行く秋や休日名残る白風船


行く秋や休日名残る白風船
休日出勤した。思いの外帰宅が遅くなり、空腹なのに、鞄にガム以外食べ物がないという夜半。キヨスクも閉まっていて、仕方なしに、自販機でコーラを買う。人の少ない車内に、休日の名残の白い風船が、ゆらゆら、風船の下の座席に、茶のジャケットの男が眠る。私は本を読む。仕事が一段落したので、思う存分読めると思うとうれしい。
楽しいことって何だろうって、最近思う。うれしいって何だろう、幸せって何だろう。
前の会社では、残業に次ぐ残業の日々で、いつからか、個人的な楽しみへの欲望が失われていた。週末は、出社しないとしても、ほとんど寝ていた。エネルギーを回復するために、遊びに出かけることもなかった。会社が倒産して、数ヶ月経って、やっとおかしかったと気付いた。
たぶん、当時、仕事も楽しかったのだと思う。でも、やっぱり少し、違ったなと思うのだけれど。今は、そのときのことがあるから、頑張り過ぎない。絵を描くことも、音楽を聴くことも、お酒を一緒に飲むことも、なしにしたくない。
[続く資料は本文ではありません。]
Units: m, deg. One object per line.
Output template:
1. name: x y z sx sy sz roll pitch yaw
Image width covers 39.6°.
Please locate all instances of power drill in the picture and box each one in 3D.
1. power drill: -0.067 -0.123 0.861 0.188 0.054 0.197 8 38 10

だけど、たまに休日出勤するのも、悪くないかもしれない、と思う。あ〜疲れたなぁと思いながら、腹ペコで、コーラしかなくて、それでもなんだか満足して、本を読む。
私なりにじっくり仕事が出来たことがうれしかった。帰ってきたら原稿送付先から返信が来ていたのもまた、うれしかった。(すなみ・のりこ=出版社勤務)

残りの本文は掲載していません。